Man with Mission: Maulana Madani takes strides to democratise Jamiat

President of Jamiat Ulama-i-Hind Maulana Mahmood Madani

By Qasim Syed

The ever-evolving world poses threats the survival of ideological groups of all hues, but people with wisdom are the ones who readily adapt to demands of the changing situation. Maulana Mahmood Madani is one of them who realized the needs for changes in the Jamiat Ulema-i-Hind, of which he is the president, to make it relevant to deal with current situation. However, he is very much mindful of the organization’s founding principles. This reflected in during a recent meeting in Bhopal where he announced a slew of ‘revolutionary changes’ to for organizational requirements. The changes majorly include empowering women in the current set up and encouraging democratization.
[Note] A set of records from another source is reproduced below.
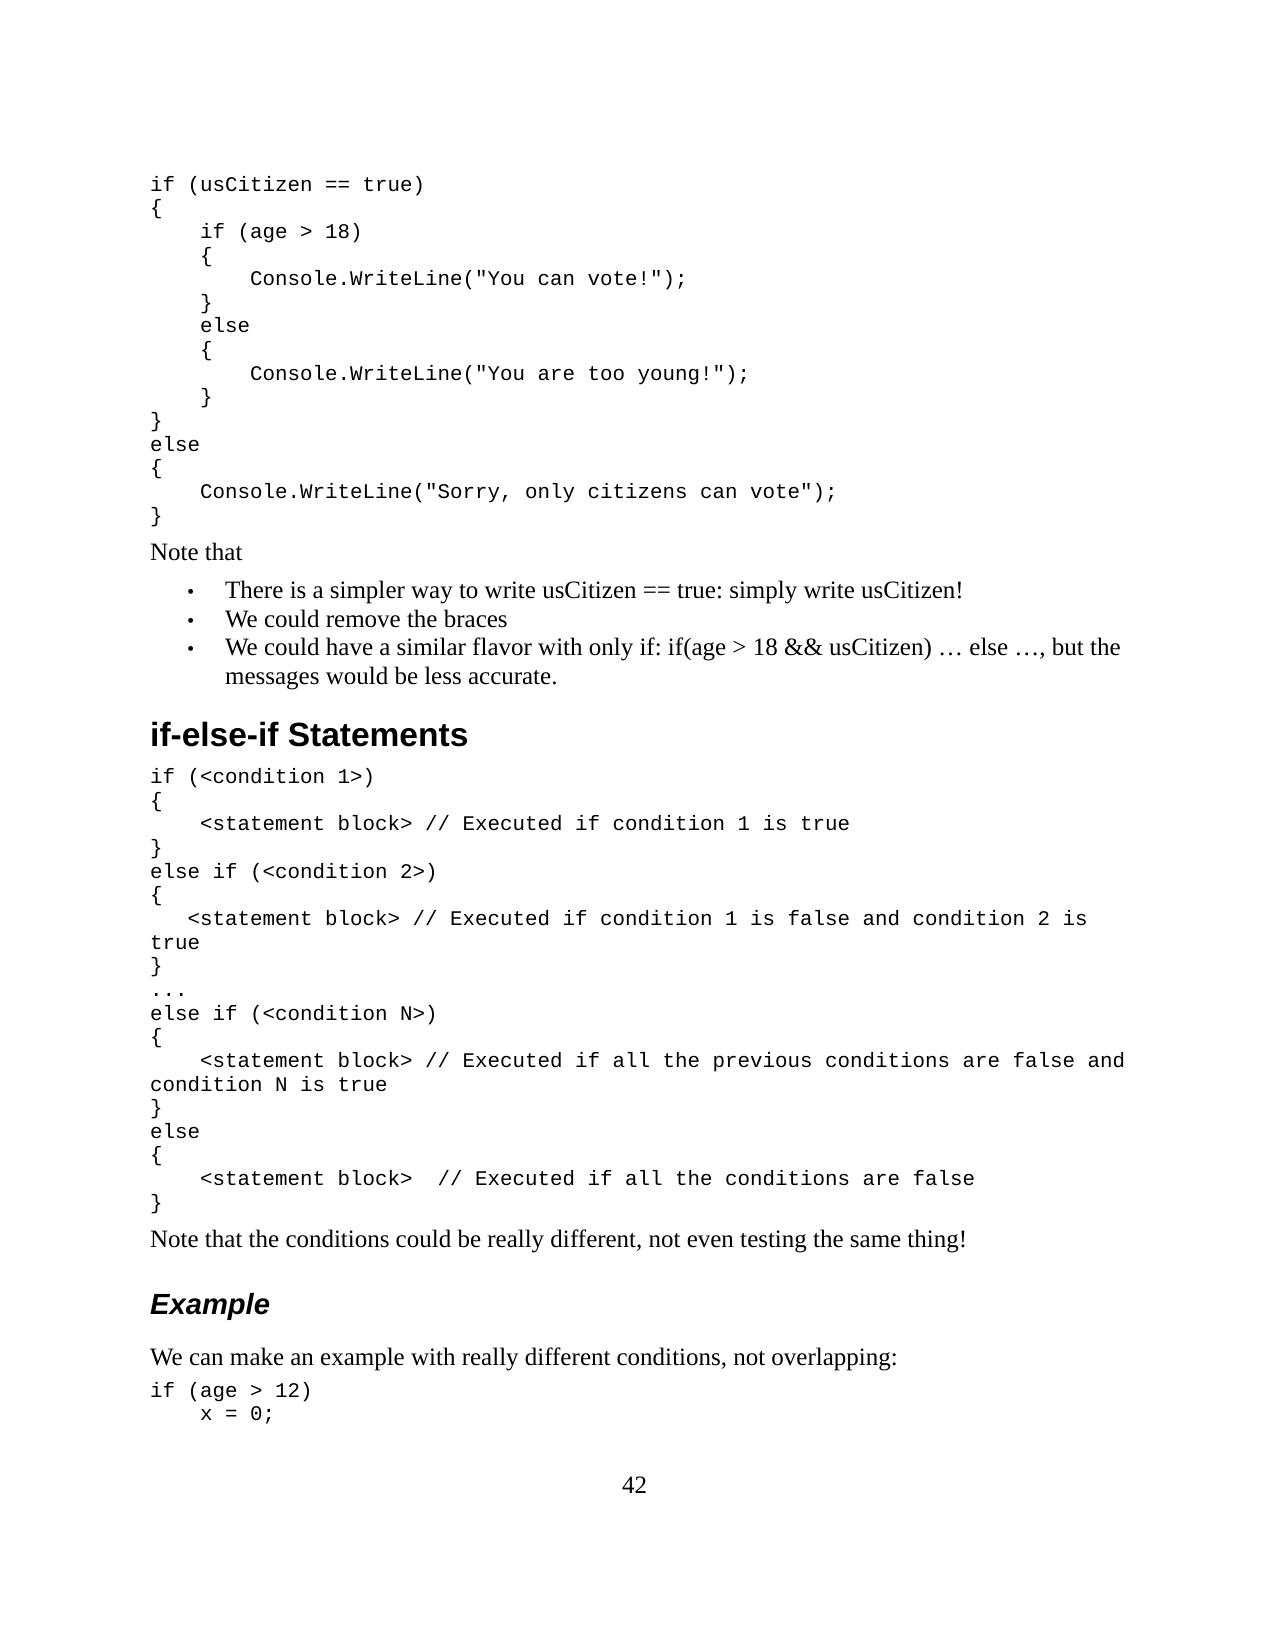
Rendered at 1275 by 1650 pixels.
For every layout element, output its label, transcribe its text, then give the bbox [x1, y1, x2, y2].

text Console.WriteLine("Sorry, only citizens can vote"); [150, 481, 1125, 505]
text } [150, 386, 1125, 410]
text <statement block> // Executed if all the conditions are false [150, 1168, 1125, 1192]
text } [150, 837, 1125, 861]
text { [150, 1144, 1125, 1168]
text if (usCitizen == true) [150, 174, 1125, 197]
text } [150, 505, 1125, 528]
text { [150, 457, 1125, 481]
text Note that the conditions could be really different, not even testing the same thing! [150, 1224, 1125, 1253]
text ... [150, 979, 1125, 1003]
text { [150, 884, 1125, 908]
text x = 0; [150, 1403, 1125, 1427]
text <statement block> // Executed if all the previous conditions are false and condition N is true [150, 1050, 1125, 1097]
text <statement block> // Executed if condition 1 is false and condition 2 is true [150, 908, 1125, 955]
text { [150, 244, 1125, 268]
text <statement block> // Executed if condition 1 is true [150, 813, 1125, 837]
text if (age > 12) [150, 1380, 1125, 1403]
subtitle Example [150, 1287, 1125, 1321]
text { [150, 197, 1125, 221]
list We could have a similar flavor with only if: if(age > 18 && usCitizen) … else …, but the messages would be less accurate. [187, 632, 1125, 690]
text if (<condition 1>) [150, 766, 1125, 790]
text { [150, 339, 1125, 363]
text if (age > 18) [150, 221, 1125, 244]
text We can make an example with really different conditions, not overlapping: [150, 1342, 1125, 1371]
list There is a simpler way to write usCitizen == true: simply write usCitizen! [187, 575, 1125, 604]
text else if (<condition 2>) [150, 861, 1125, 884]
text else [150, 434, 1125, 457]
text { [150, 790, 1125, 813]
text else [150, 1121, 1125, 1144]
list We could remove the braces [187, 604, 1125, 632]
text } [150, 410, 1125, 434]
text } [150, 1192, 1125, 1215]
subtitle if-else-if Statements [150, 715, 1125, 754]
text Console.WriteLine("You can vote!"); [150, 268, 1125, 292]
text Note that [150, 537, 1125, 566]
text { [150, 1026, 1125, 1050]
text } [150, 955, 1125, 979]
text Console.WriteLine("You are too young!"); [150, 363, 1125, 386]
text else [150, 316, 1125, 339]
text else if (<condition N>) [150, 1003, 1125, 1026]
text } [150, 1097, 1125, 1121]
text } [150, 292, 1125, 316]

For long, the Jamiat has been accused of being dominated by the hereditary system by its critics even though much of the charges do not stand true. The appointment of Maulana Hakeemuddin Qasmi as the General Secretary after the death of Maulana Mansoorpuri is one example to count.
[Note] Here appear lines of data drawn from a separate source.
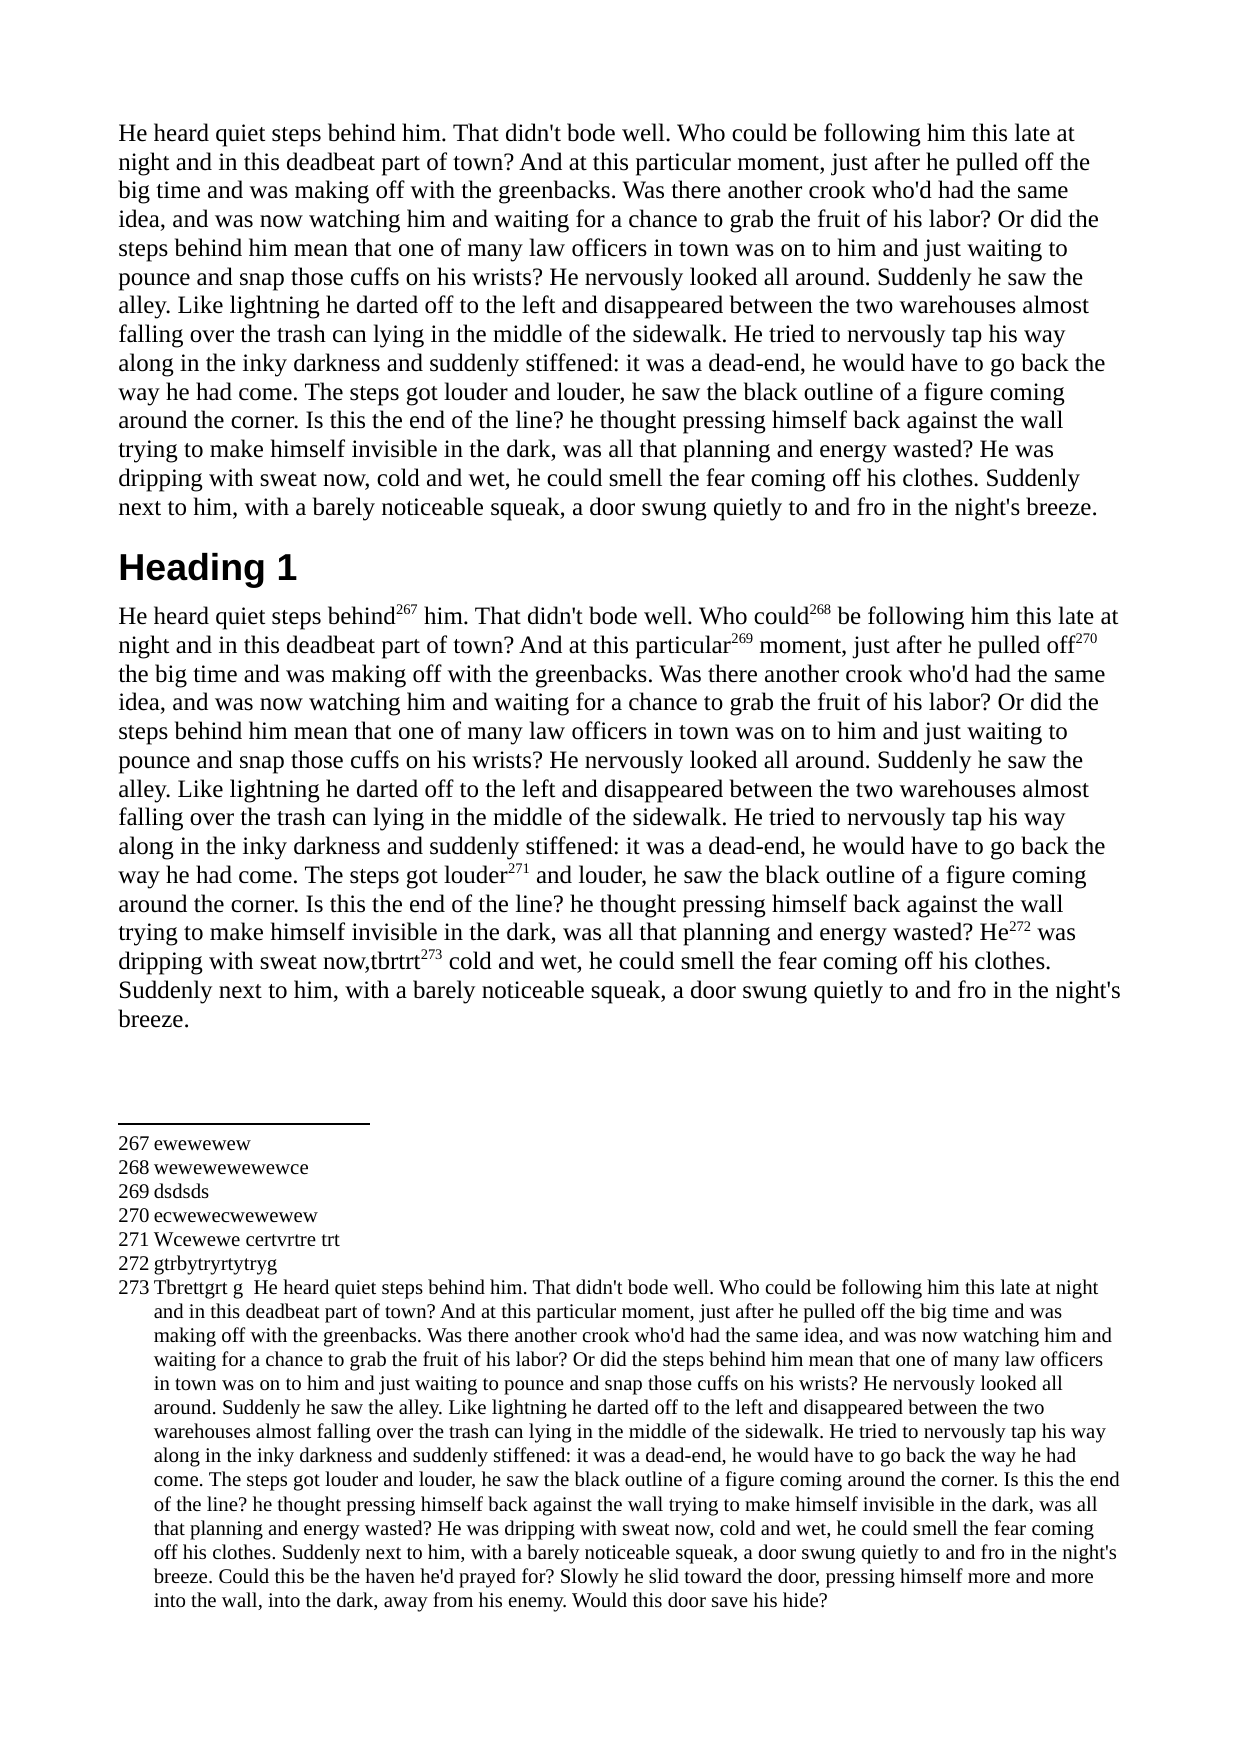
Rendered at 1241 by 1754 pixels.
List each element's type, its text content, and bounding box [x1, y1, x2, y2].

text gtrbytryrtytryg [118, 1251, 1122, 1275]
text He heard quiet steps behind him. That didn't bode well. Who could be following him this late at night and in this deadbeat part of town? And at this particular moment, just after he pulled off the big time and was making off with the greenbacks. Was there another crook who'd had the same idea, and was now watching him and waiting for a chance to grab the fruit of his labor? Or did the steps behind him mean that one of many law officers in town was on to him and just waiting to pounce and snap those cuffs on his wrists? He nervously looked all around. Suddenly he saw the alley. Like lightning he darted off to the left and disappeared between the two warehouses almost falling over the trash can lying in the middle of the sidewalk. He tried to nervously tap his way along in the inky darkness and suddenly stiffened: it was a dead-end, he would have to go back the way he had come. The steps got louder and louder, he saw the black outline of a figure coming around the corner. Is this the end of the line? he thought pressing himself back against the wall trying to make himself invisible in the dark, was all that planning and energy wasted? He was dripping with sweat now, cold and wet, he could smell the fear coming off his clothes. Suddenly next to him, with a barely noticeable squeak, a door swung quietly to and fro in the night's breeze. [118, 118, 1122, 521]
subtitle Heading 1 [118, 546, 1122, 589]
text Wcewewe certvrtre trt [118, 1227, 1122, 1251]
text ecwewecwewewew [118, 1203, 1122, 1227]
text wewewewewewce [118, 1154, 1122, 1179]
text He heard quiet steps behind him. That didn't bode well. Who could be following him this late at night and in this deadbeat part of town? And at this particular moment, just after he pulled off the big time and was making off with the greenbacks. Was there another crook who'd had the same idea, and was now watching him and waiting for a chance to grab the fruit of his labor? Or did the steps behind him mean that one of many law officers in town was on to him and just waiting to pounce and snap those cuffs on his wrists? He nervously looked all around. Suddenly he saw the alley. Like lightning he darted off to the left and disappeared between the two warehouses almost falling over the trash can lying in the middle of the sidewalk. He tried to nervously tap his way along in the inky darkness and suddenly stiffened: it was a dead-end, he would have to go back the way he had come. The steps got louder and louder, he saw the black outline of a figure coming around the corner. Is this the end of the line? he thought pressing himself back against the wall trying to make himself invisible in the dark, was all that planning and energy wasted? He was dripping with sweat now,tbrtrt cold and wet, he could smell the fear coming off his clothes. Suddenly next to him, with a barely noticeable squeak, a door swung quietly to and fro in the night's breeze. [118, 601, 1122, 1032]
text dsdsds [118, 1179, 1122, 1203]
text Tbrettgrt g He heard quiet steps behind him. That didn't bode well. Who could be following him this late at night and in this deadbeat part of town? And at this particular moment, just after he pulled off the big time and was making off with the greenbacks. Was there another crook who'd had the same idea, and was now watching him and waiting for a chance to grab the fruit of his labor? Or did the steps behind him mean that one of many law officers in town was on to him and just waiting to pounce and snap those cuffs on his wrists? He nervously looked all around. Suddenly he saw the alley. Like lightning he darted off to the left and disappeared between the two warehouses almost falling over the trash can lying in the middle of the sidewalk. He tried to nervously tap his way along in the inky darkness and suddenly stiffened: it was a dead-end, he would have to go back the way he had come. The steps got louder and louder, he saw the black outline of a figure coming around the corner. Is this the end of the line? he thought pressing himself back against the wall trying to make himself invisible in the dark, was all that planning and energy wasted? He was dripping with sweat now, cold and wet, he could smell the fear coming off his clothes. Suddenly next to him, with a barely noticeable squeak, a door swung quietly to and fro in the night's breeze. Could this be the haven he'd prayed for? Slowly he slid toward the door, pressing himself more and more into the wall, into the dark, away from his enemy. Would this door save his hide? [118, 1275, 1122, 1612]
text ewewewew [118, 1131, 1122, 1154]
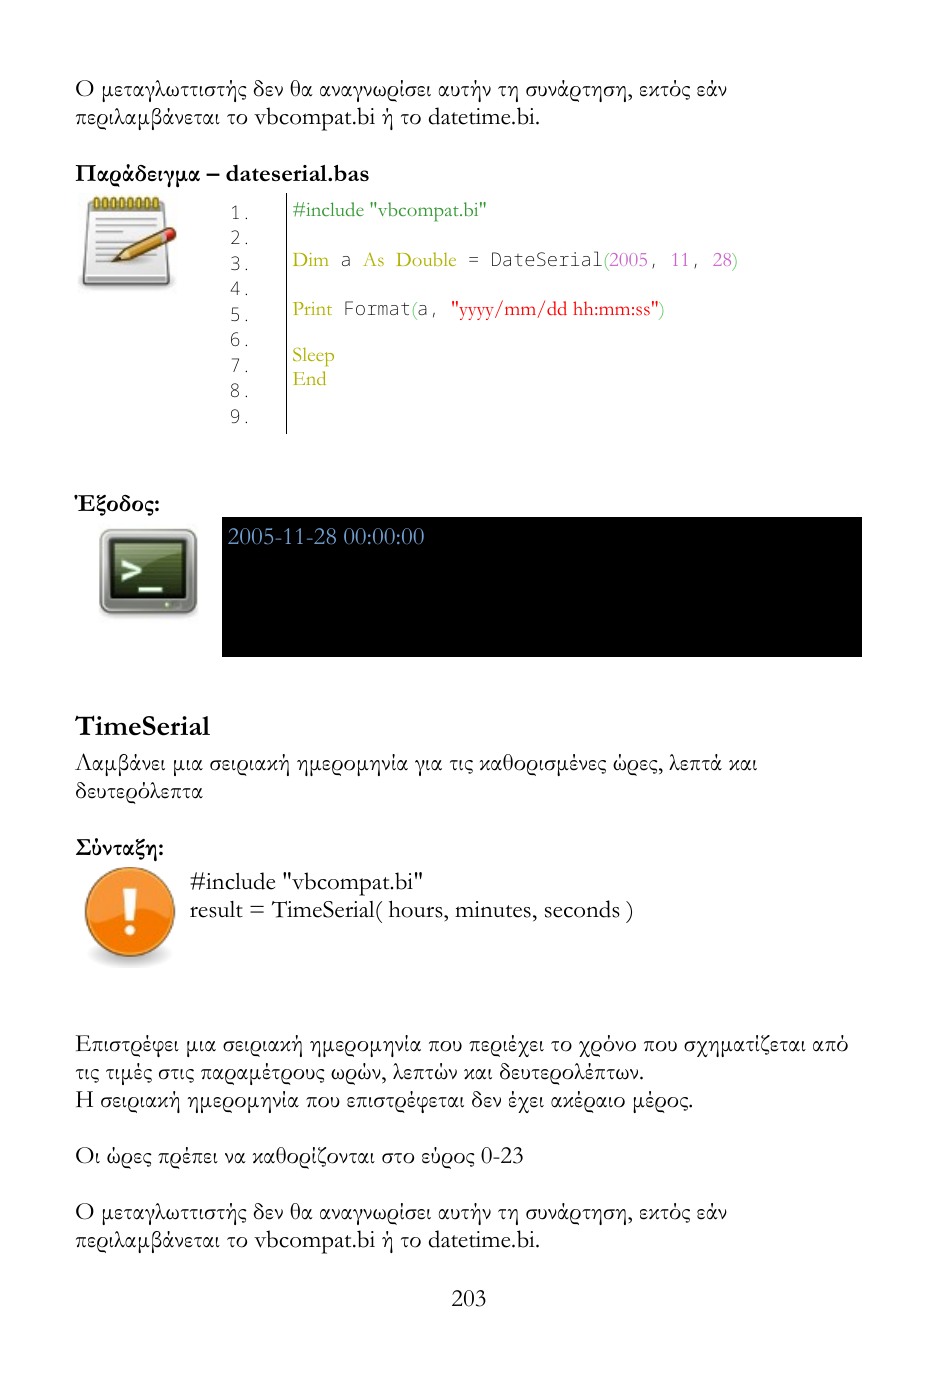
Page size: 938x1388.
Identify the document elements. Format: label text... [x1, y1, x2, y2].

table_header [75, 517, 222, 657]
text Επιστρέφει μια σειριακή ημερομηνία που περιέχει το χρόνο που σχηματίζεται από τις τιμές στις παραμέτρους ωρών, λεπτών και δευτερολέπτων. [75, 1029, 862, 1086]
text Η σειριακή ημερομηνία που επιστρέφεται δεν έχει ακέραιο μέρος. [75, 1086, 862, 1114]
picture [77, 193, 178, 294]
text Ο μεταγλωττιστής δεν θα αναγνωρίσει αυτήν τη συνάρτηση, εκτός εάν περιλαμβάνεται το vbcompat.bi ή το datetime.bi. [75, 75, 862, 131]
text Παράδειγμα – dateserial.bas [75, 159, 862, 187]
text Ο μεταγλωττιστής δεν θα αναγνωρίσει αυτήν τη συνάρτηση, εκτός εάν περιλαμβάνεται το vbcompat.bi ή το datetime.bi. [75, 1198, 862, 1254]
table_header 2005-11-28 00:00:00 [222, 517, 862, 657]
text Οι ώρες πρέπει να καθορίζονται στο εύρος 0-23 [75, 1142, 862, 1170]
table_header [186, 193, 286, 434]
picture [79, 867, 180, 968]
table_header [75, 862, 183, 1001]
text Λαμβάνει μια σειριακή ημερομηνία για τις καθορισμένες ώρες, λεπτά και δευτερόλεπτα [75, 749, 862, 806]
table_header #include "vbcompat.bi" Dim a As Double = DateSerial(2005, 11, 28) Print Format(a, "yyyy/mm/dd hh:mm:ss") Sleep End [287, 193, 857, 434]
subtitle TimeSerial [75, 710, 862, 743]
table_header [75, 188, 180, 461]
table_header [180, 188, 863, 461]
text Έξοδος: [75, 489, 862, 517]
picture [98, 523, 199, 624]
table_header #include "vbcompat.bi" result = TimeSerial( hours, minutes, seconds ) [184, 862, 863, 1001]
text Σύνταξη: [75, 834, 862, 862]

Maulana Madani is the spokesperson of the generation born after India’s independence and naturally, he has to follow the footsteps of his elders; the question is whether he can maintain a balance and harmony between the traditional style and revolutionary decisions. This is a big test, but he dared to take risks. Time will tell as to how he manages pressure of the traditionalists in order to sharpen the aspirations the new generation of workers. Madani, however, will not be held captive by the chains of expediency in his growing steps.

Youth will be given adequate representation. There is no doubt that the Jamiat, like the Congress, enjoys countrywide presence, but several landmark achievements of its cadre went unnoticed.

The Jamiat is the oldest and the largest Muslim organization but it is also a fact that apart from charitable work other activities of its cadre on the ground were not used properly. Conferences held and crowd gathered, but there was little impact on the national level. These things might be unpleasant to hear, but one must not be blind to the facts of the matter.

Jamiat can turn the dice if it deploys its resources and manpower. It seems that Maulana Madani does not believe in the search for new lands and new skies but he dares to implement the ideas in the very old spaces.

Anyways, the tradition of challenging and disagreeing with the higher leadership in the Jamiat is rare. It is also necessary for a party to be dominated by passion.

Devotion and obedience give rise to unconditional loyalty, which makes it one-sided despite the Shura system. A one-sided system first of all strangles the democratic spirit in parties. Mahmoud Madani must be familiar with this philosophy. He is intelligent, and open-minded, and will have the ability to listen to others.

So far as political matters are concerned, it will take some time for Mahmood Madani to gain the trust of Muslims at the national level. He has not been able to meet the required standards of trust due to his statements and interpretations on the political front; this happens due to balancing. To change this concept and perception, he has to think on his own. If he does this, he can undoubtedly become the biggest Muslim leader in the country.

Jamiat has the largest organizational cadre among Muslim organizations with Jamaat-e-Islami being the second on the list. Mahmood Madani has a lot of time to become a great leader and to develop new characteristics of Jamiat. He has to make the media department of Jamiat a strong unit, equipped with all facilities, capable of meeting every demand, and somewhat independent because half the battle is won by the media these days, and most of our organizations’ press releases are printed. They consider success and ascension even if it is in the form of paid news, which isn’t the case.

Furthermore, Jamiat should not focus on inter-sect issues if it considers itself to be a representative of Muslims in India. There are several Muslim groups living in this country, this does not mean compromising on faith but strengthening ties with other groups within their limits.

Mahmood Madani Bhopal’s speech referred to Shah Waliullah, in which he said that the Jamiat is the prestige of the nation. Shah Waliullah Muhaddith Dehlvi’s distinction is that he is revered by people of various sects, many consider him as their Imam. Very few Muslim scholars have achieved this position in Indian history.

One can hope that Madani will break this tradition. Will Mahmud Madani be able to do this? Is he ready?


Views are personal. The writer is editor of Roznama Khabrein.